About this task> Nothing should differ between your answer and the records.

[Data excerpts]
*** Begin section ***

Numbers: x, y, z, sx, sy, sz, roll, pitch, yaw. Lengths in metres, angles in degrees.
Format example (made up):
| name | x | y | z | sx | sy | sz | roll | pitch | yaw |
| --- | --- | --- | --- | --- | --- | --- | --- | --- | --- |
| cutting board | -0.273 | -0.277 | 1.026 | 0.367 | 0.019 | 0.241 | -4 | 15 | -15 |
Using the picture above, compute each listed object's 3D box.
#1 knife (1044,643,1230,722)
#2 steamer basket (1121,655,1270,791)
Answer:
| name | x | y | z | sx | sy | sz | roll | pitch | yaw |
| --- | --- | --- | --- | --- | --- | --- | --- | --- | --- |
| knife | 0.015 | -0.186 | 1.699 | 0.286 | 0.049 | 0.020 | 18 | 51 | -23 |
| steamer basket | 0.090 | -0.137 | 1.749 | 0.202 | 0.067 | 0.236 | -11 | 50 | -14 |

*** End section ***

Output of the task>
Numbers: x, y, z, sx, sy, sz, roll, pitch, yaw. Lengths in metres, angles in degrees.
Format example (made up):
| name | x | y | z | sx | sy | sz | roll | pitch | yaw |
| --- | --- | --- | --- | --- | --- | --- | --- | --- | --- |
| cutting board | -0.273 | -0.277 | 1.026 | 0.367 | 0.019 | 0.241 | -4 | 15 | -15 |
Using the picture above, compute each listed object's 3D box.
#1 knife (1044,643,1230,722)
#2 steamer basket (1121,655,1270,791)
Answer:
| name | x | y | z | sx | sy | sz | roll | pitch | yaw |
| --- | --- | --- | --- | --- | --- | --- | --- | --- | --- |
| knife | 0.015 | -0.186 | 1.699 | 0.286 | 0.049 | 0.020 | 18 | 51 | -23 |
| steamer basket | 0.090 | -0.137 | 1.749 | 0.202 | 0.067 | 0.236 | -11 | 50 | -14 |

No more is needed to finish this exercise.